Doris Grove is an American world record breaking glider pilot, flight instructor, and a member of the U.S. Soaring Hall of Fame. She was an early pioneer of ridge soaring in the Ridge-and-valley Appalachians in the 1970s, ultimately setting three world records flying gliders there, and becoming the first woman to earn the FAI 1000 km Diploma. She was also a stunt co-pilot in the 1999 film The Thomas Crown Affair.

Grove currently lives near State College, Pennsylvania with her husband Thomas Knauff, another hall of fame glider pilot.
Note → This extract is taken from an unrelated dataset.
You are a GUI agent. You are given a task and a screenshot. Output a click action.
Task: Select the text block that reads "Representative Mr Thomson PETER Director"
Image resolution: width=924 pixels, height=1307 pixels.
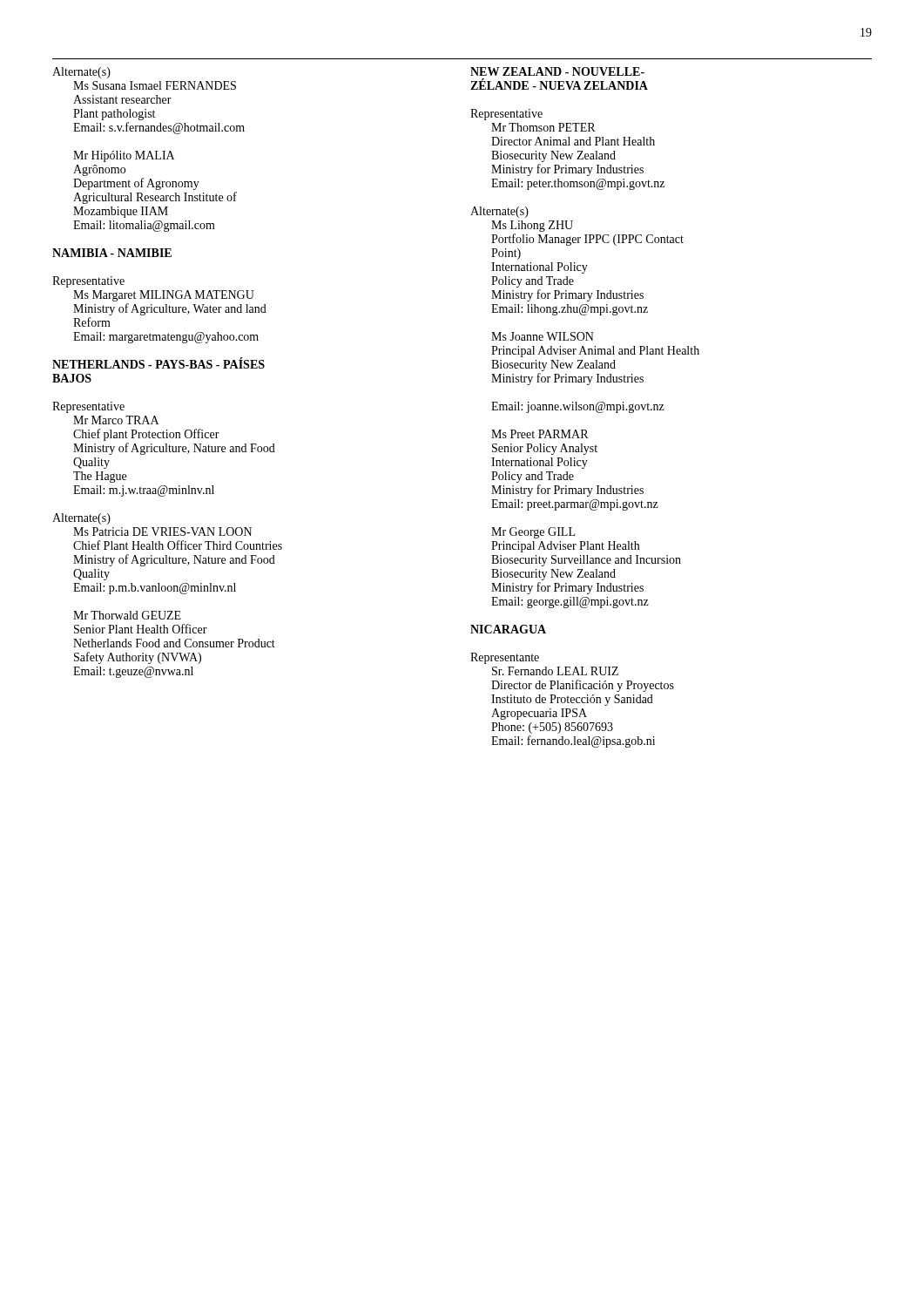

They owned and operated the Ridge Soaring Gliderport in Julian, Pennsylvania, which they founded in 1975. Sadly, the glider port closed in 2022.

World glider records

Single-place glider, Feminine
Out-and-return distance: 731.27 km, 7 April 1979, Ridge Soaring Gliderport, Julian, Pennsylvania, Schleicher ASW 19
Out-and-return distance: 1000.86 km, 11 Mar 1980, Ridge Soaring Gliderport, Julian, Pennsylvania, Schleicher ASW 19
Out-and-return distance: 1127.68 km, 28 September 1981, Piper Memorial Airport, Lock Haven, Pennsylvania, Schempp-Hirth Nimbus 2

Source: Fédération Aéronautique Internationale.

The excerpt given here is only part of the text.